Horner’s pay bump lands just before the exit as Mercedes wrestles with being everyone’s favourite engine – your Tuesday F1 brief
The spreadsheets are talking again. Fresh company filings have laid out Red Bull Racing’s 2024 balance sheet, and tucked inside is a familiar headline name: Christian Horner. The now-former team principal received a pay rise ahead of his departure earlier this year, while the team posted £314m in revenue and a slender post-tax profit of £1.681m. It’s the kind of corporate footnote that tends to arrive with a thud in the paddock: big turnover, tight margins, and a reminder that even in a cost-cap world, the numbers still tell their own story.
Horner’s exit has been the dominant off-track thread of 2025, and the timing on those remuneration details won’t do anything to quiet the chatter. Red Bull’s financials, meanwhile, reflect a modern F1 outfit that’s both a sporting operation and a polished commercial machine. The profit line is small compared to the headline revenue, but that’s increasingly the profile for top teams under the current regulations.
On track, Baku served up another case study in the odd tension at the heart of Mercedes’ business model. Toto Wolff knows exactly how valuable it is to have multiple cars showcasing the power unit, and he got the full brochure in Azerbaijan: George Russell delivered P2 for the works team and Williams’ Carlos Sainz hustled his way to the podium as well. McLaren, also running Mercedes hardware, continues to live at the sharp end. As an advert for the three-pointed star, it doesn’t get much better.
And yet, there’s the other side of it. With the 2026 rules bearing down, Wolff admits he’s of two minds about customers turning into weekly headaches. It’s a glamorous problem – sell engines, win headlines – but there’s nothing glamorous about getting beaten by your own kit. The calculation becomes even trickier if the competitive order condenses with the next power unit cycle.

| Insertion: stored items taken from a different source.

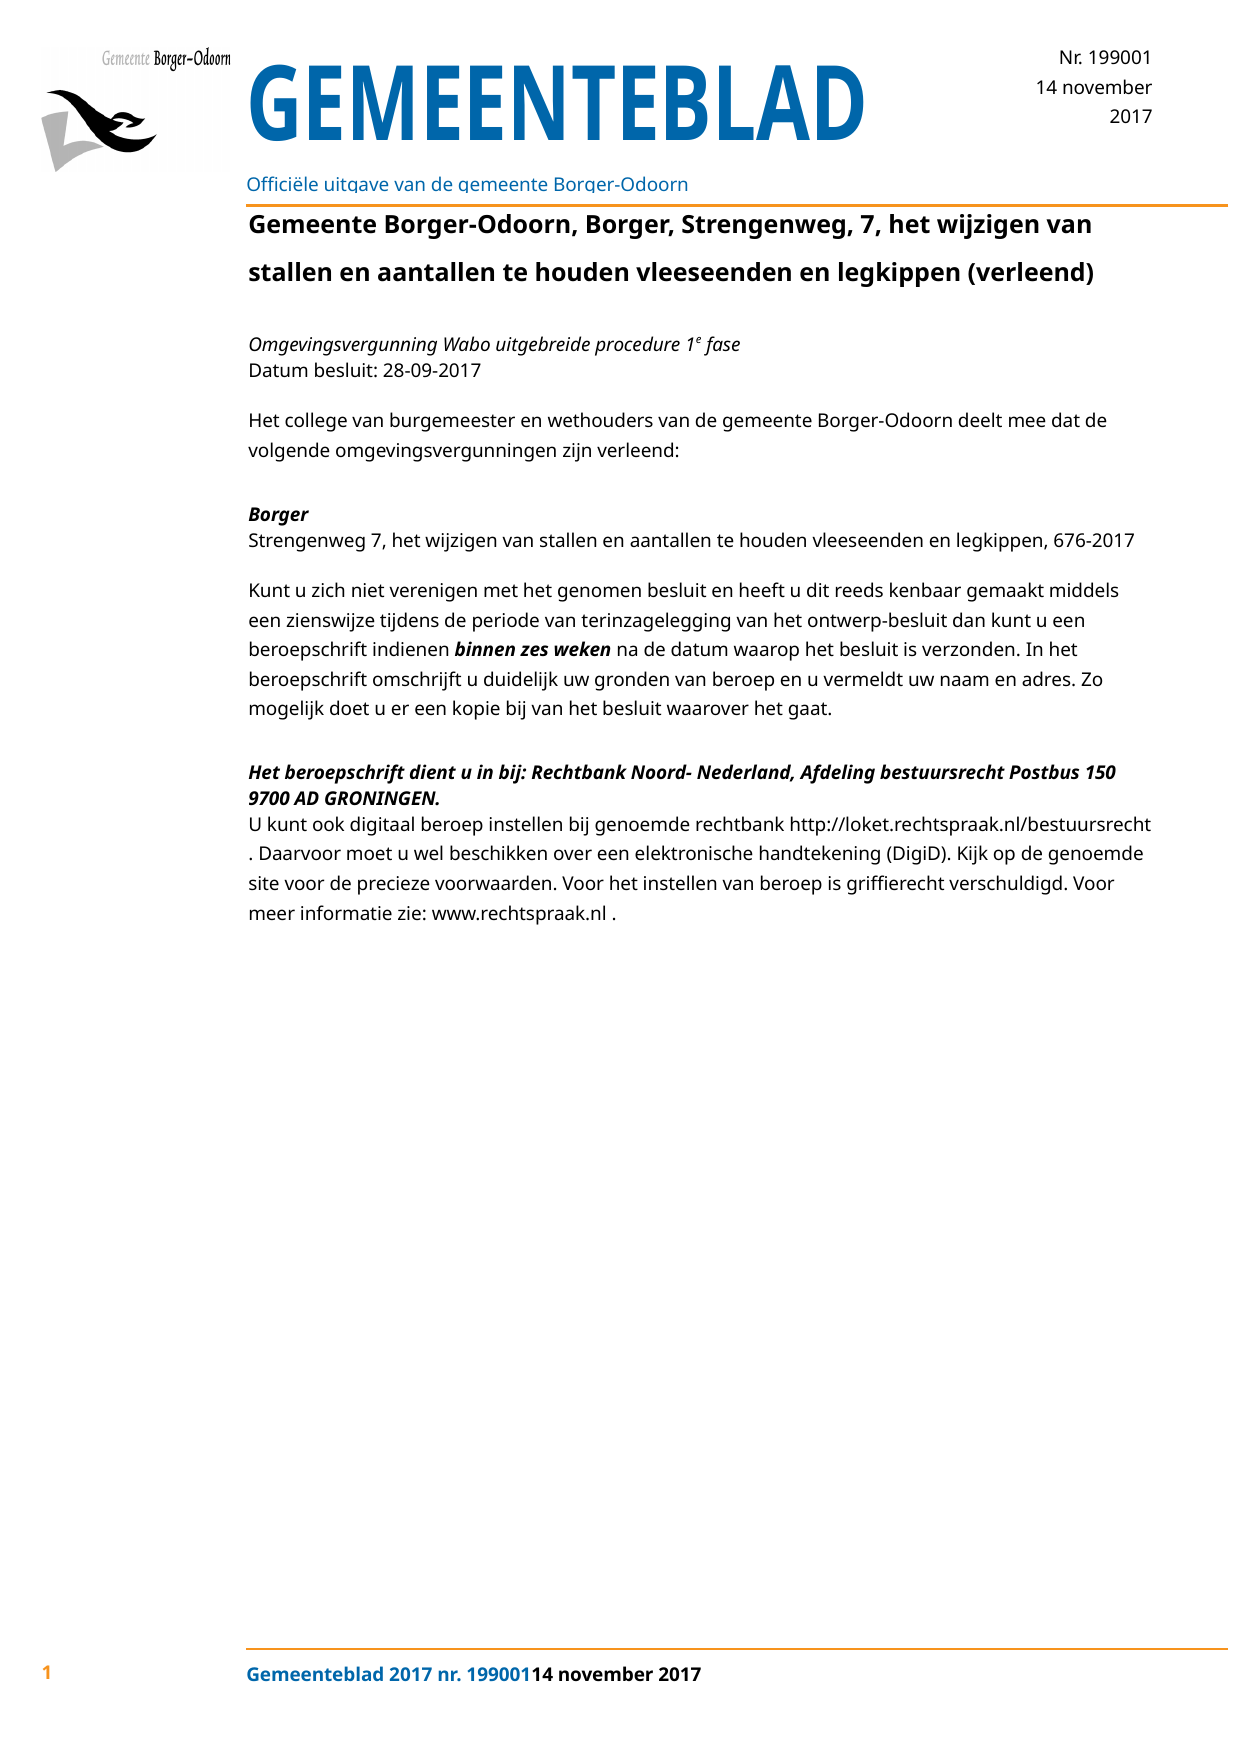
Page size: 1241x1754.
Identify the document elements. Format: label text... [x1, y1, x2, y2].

text Het college van burgemeester en wethouders van de gemeente Borger-Odoorn deelt mee dat de volgende omgevingsvergunningen zijn verleend: [248, 408, 1152, 463]
picture [41, 47, 231, 172]
text Borger [248, 501, 1152, 527]
text Gemeente Borger-Odoorn, Borger, Strengenweg, 7, het wijzigen van stallen en aantallen te houden vleeseenden en legkippen (verleend) [248, 207, 1152, 288]
text Datum besluit: 28-09-2017 [248, 357, 1152, 383]
text Strengenweg 7, het wijzigen van stallen en aantallen te houden vleeseenden en legkippen, 676-2017 [248, 527, 1152, 553]
text Omgevingsvergunning Wabo uitgebreide procedure 1e fase [248, 331, 1152, 357]
text Kunt u zich niet verenigen met het genomen besluit en heeft u dit reeds kenbaar gemaakt middels een zienswijze tijdens de periode van terinzagelegging van het ontwerp-besluit dan kunt u een beroepschrift indienen binnen zes weken na de datum waarop het besluit is verzonden. In het beroepschrift omschrijft u duidelijk uw gronden van beroep en u vermeldt uw naam en adres. Zo mogelijk doet u er een kopie bij van het besluit waarover het gaat. [248, 577, 1152, 721]
text U kunt ook digitaal beroep instellen bij genoemde rechtbank http://loket.rechtspraak.nl/bestuursrecht . Daarvoor moet u wel beschikken over een elektronische handtekening (DigiD). Kijk op de genoemde site voor de precieze voorwaarden. Voor het instellen van beroep is griffierecht verschuldigd. Voor meer informatie zie: www.rechtspraak.nl . [248, 811, 1152, 926]
text Het beroepschrift dient u in bij: Rechtbank Noord- Nederland, Afdeling bestuursrecht Postbus 150 9700 AD GRONINGEN. [248, 759, 1152, 811]

There was a small but notable upturn at Red Bull on Sunday from Yuki Tsunoda, who strung together his best result of the season around the castle walls. The step wasn’t magic; it sounded like a hard-earned unlock of an RB21 that’s been prickly more often than not. Tsunoda said the work has started to click, and it looked it. He’s been open about wanting a future at the senior team, and drives like Baku will do him no harm when decisions start getting made for 2026.
Lewis Hamilton, meanwhile, didn’t sugarcoat Ferrari’s outlook after another laboured weekend. The seven-time champion sees the Scuderia increasingly focused on the reset to 2026, and that makes outsprinting the likes of McLaren and Red Bull – both still dropping meaningful updates – a tall order over the run-in. It’s pragmatic, if not particularly romantic: Ferrari will still swing on Sundays, but the bulk of the heavy lifting appears parked for the new rules.
A few quick takes to close the book on Baku:
– Mercedes look cohesive again, and not just because Russell cashed in. The car balance is on a much friendlier page than it was early in the year.
– Williams’ execution with Sainz was sharp, and there’s a sturdiness to that project that’s been missing for a while.
– McLaren continue to operate like a team that expects to decide titles, not chase them. However the math shakes out, that mindset is obvious.
– Red Bull’s ceiling remains high, but the story of their season is about consistency. When the window narrows, it narrows fast.
As for the boardroom bulletin that kicked this off, it’s a reminder that F1’s current era is defined as much by governance and business as by lap time. The numbers keep everyone honest. And every so often, they drop just enough intrigue to keep the paddock buzzing between races.